Following his stint in the Navy, Evonitz worked steadily at businesses that sold compressors and grinding equipment. He filed for bankruptcy in 1997, unable to keep up with bills following a divorce, and had a house foreclosed in 1999 following a failed business venture, but at the time of his death, Evonitz had been working at an air-compressor company since moving to South Carolina a few years earlier.

Personal life
Evonitz was married twice, first to Bonnie Lou Gower from 1988 to 1996, then to Hope Marie Crowley from 1999 until his death.

Criminal career
In January 1987, Evonitz exposed himself and masturbated in front of a 15-year-old girl in Orange Park, Florida. He was arrested a month later when his ship returned to port. He entered a plea of no contest and was sentenced to three years' probation.

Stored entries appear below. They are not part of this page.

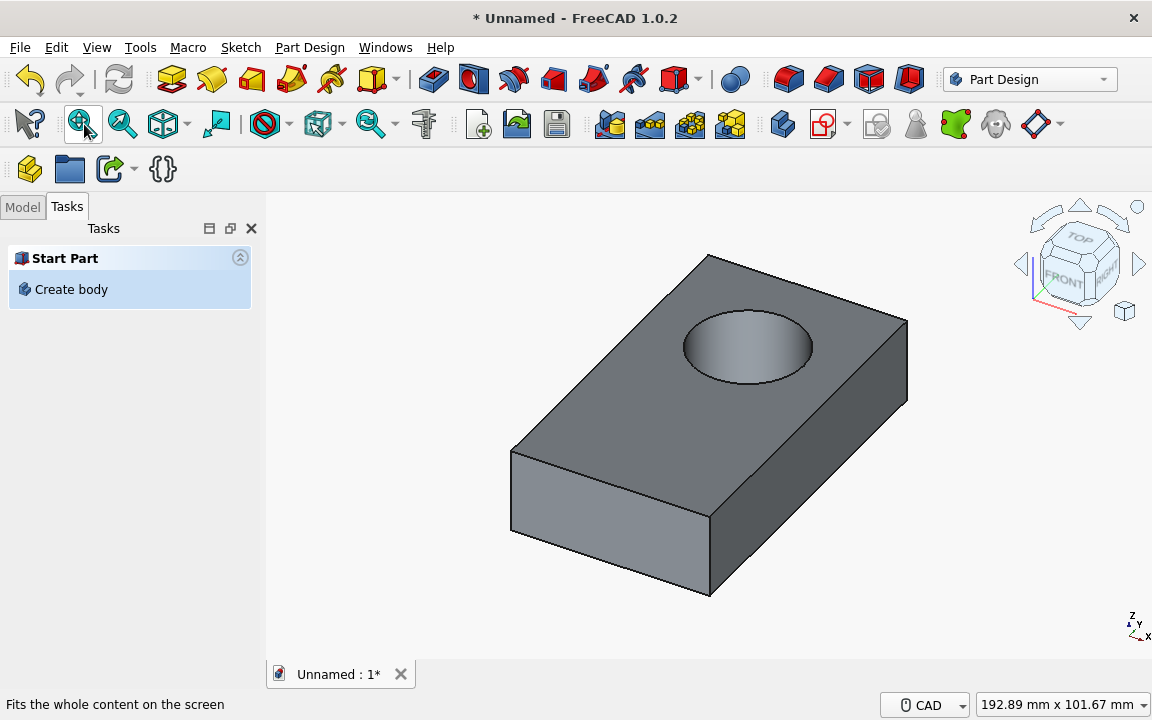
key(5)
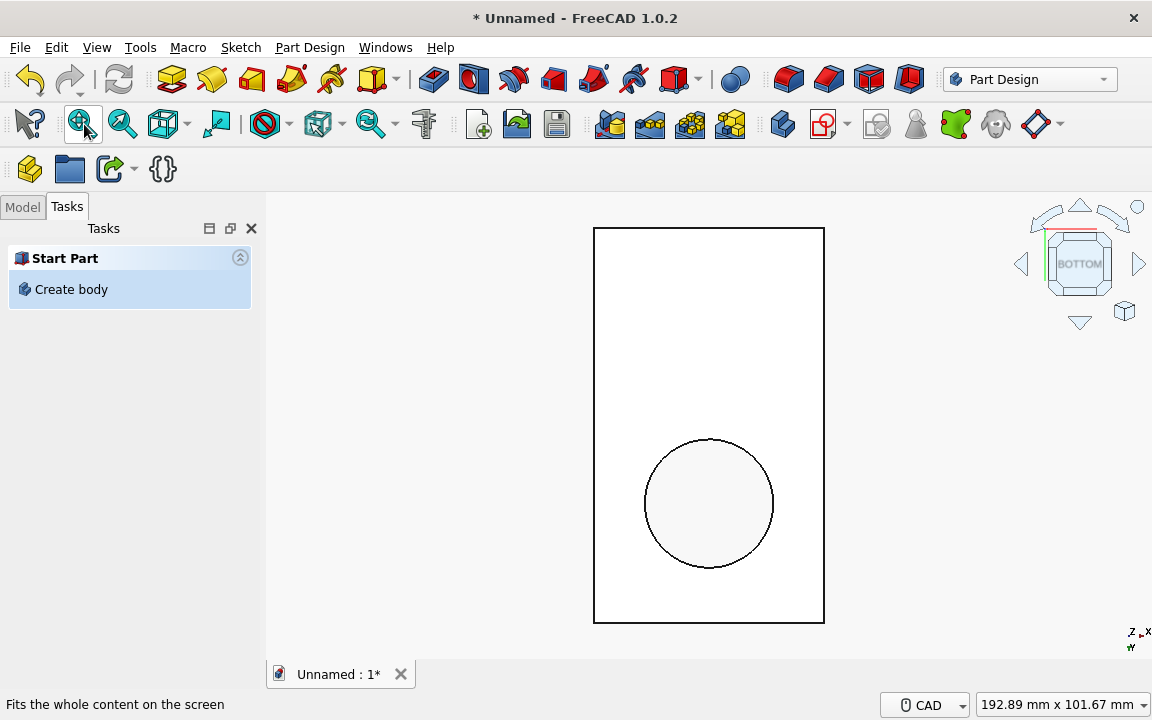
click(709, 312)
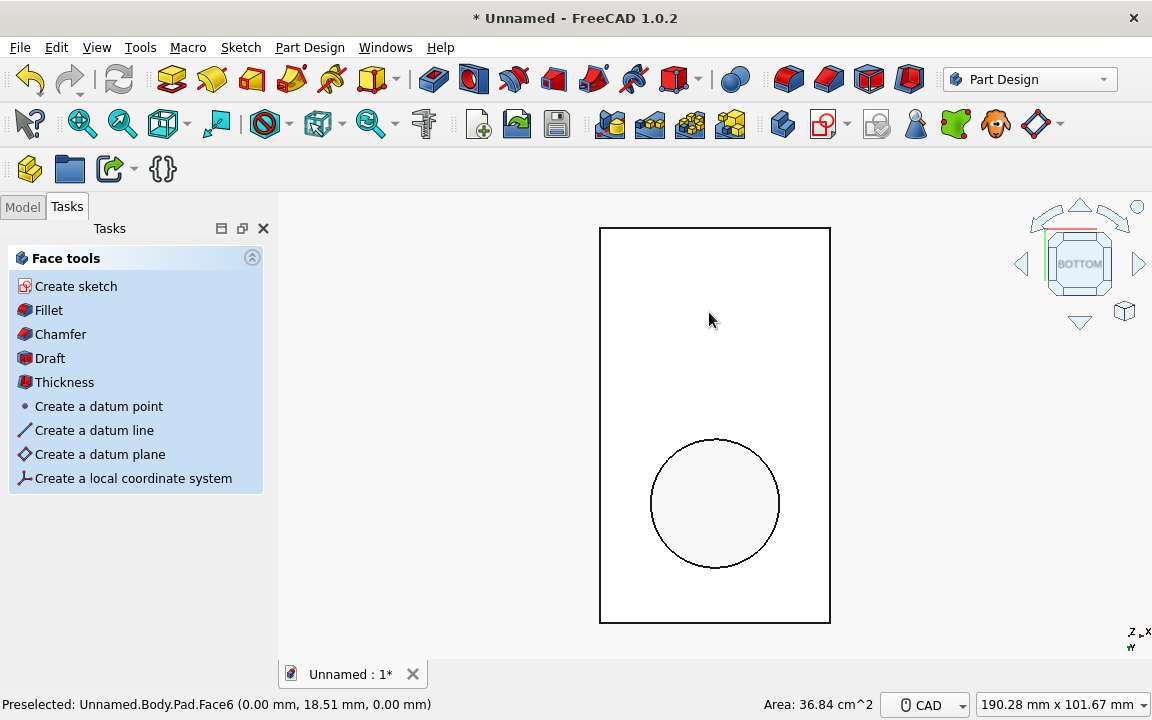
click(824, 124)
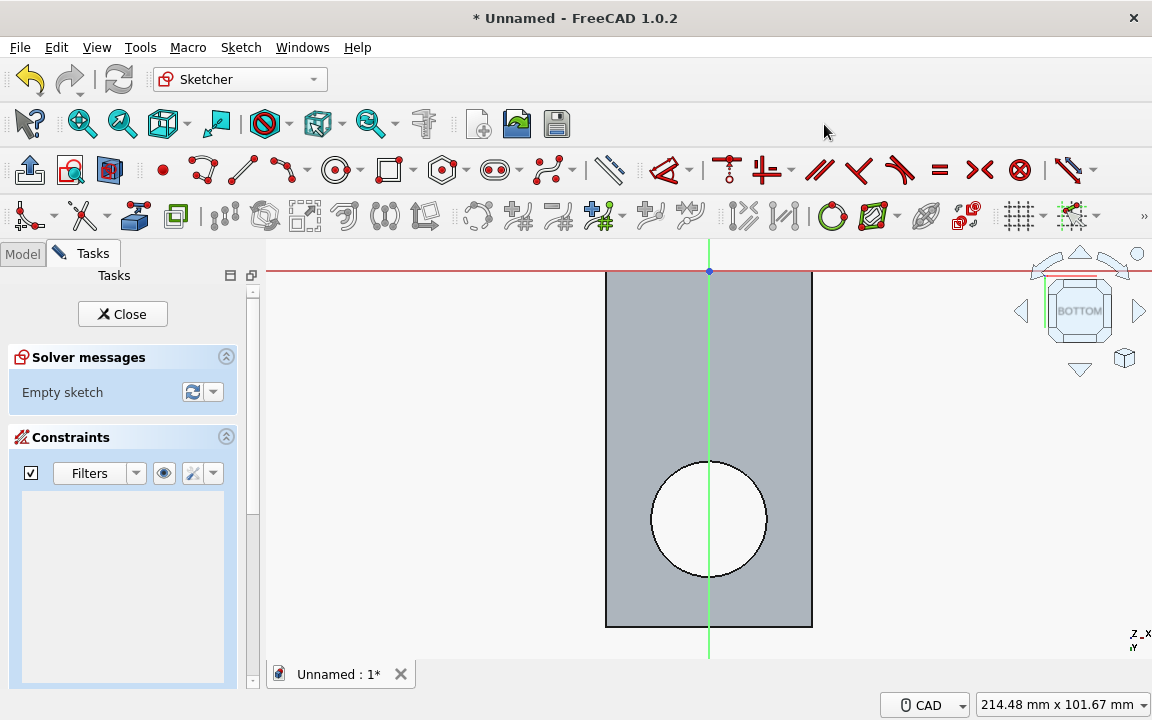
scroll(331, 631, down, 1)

Evonitz is suspected of a 1994 abduction and rape and a 1995 rape in Spotsylvania, Virginia.

On September 9, 1996, Evonitz abducted 16-year-old Sofia Silva from her front yard near Loriella Park in Spotsylvania County. Her decomposed body was found a month later in a creek off State Route 3 in King George County.

On May 1, 1997, Evonitz abducted sisters Kristin, 15, and Kati Lisk, 12, from their front lawn after school. After sexually assaulting them, he strangled the sisters and dumped their bodies in the South Anna River. Their bodies were found five days later.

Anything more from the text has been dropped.